(DATASET EXCERPT):
= = = = =

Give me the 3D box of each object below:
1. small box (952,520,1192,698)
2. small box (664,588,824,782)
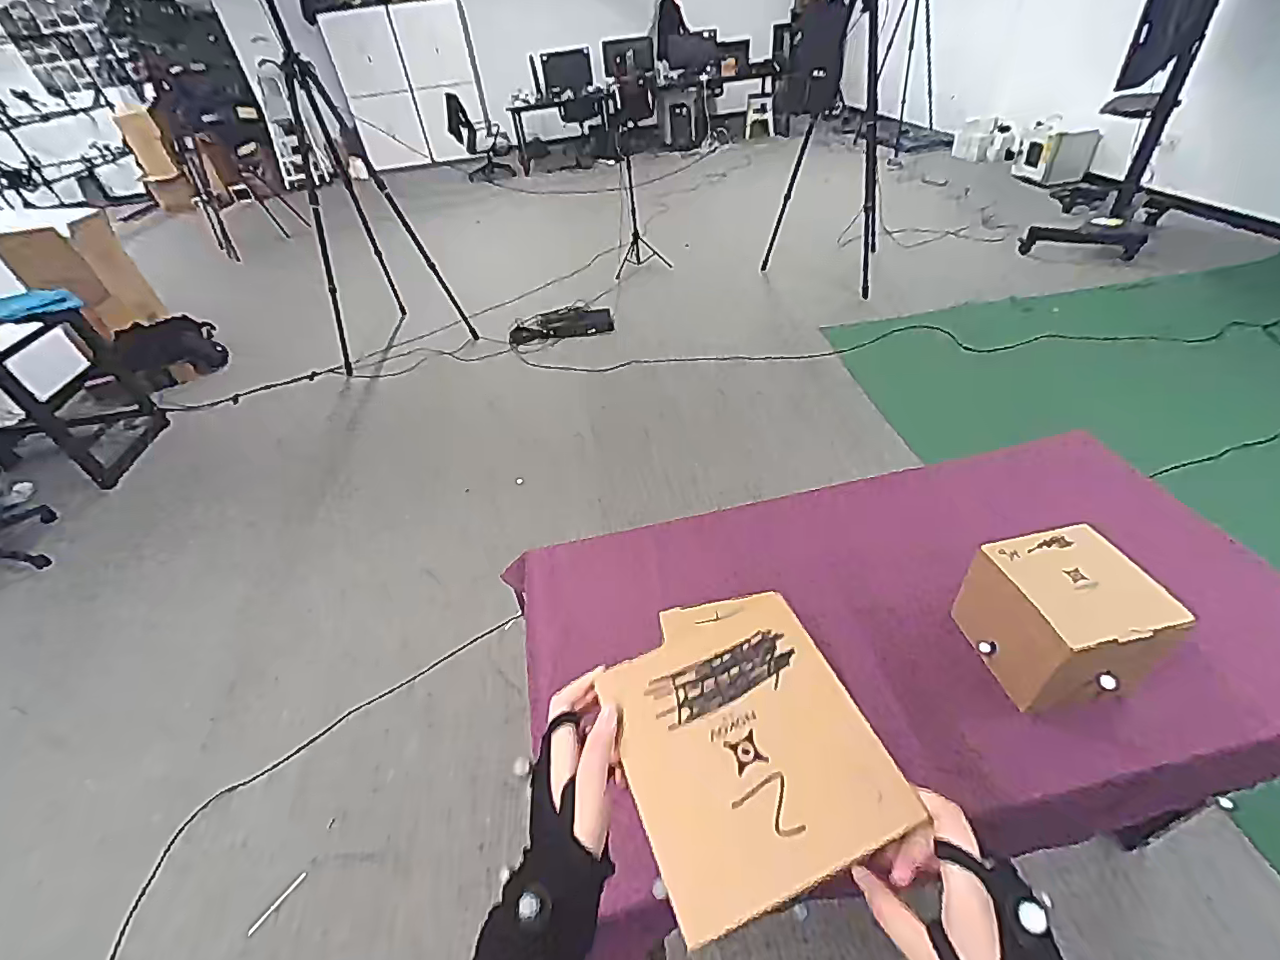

= = = = =

(EXERCISE OBJECTIVE):
Write down every line of the data above that includes the string "small".

(COMPLETED EXERCISE):
1. small box (952,520,1192,698)
2. small box (664,588,824,782)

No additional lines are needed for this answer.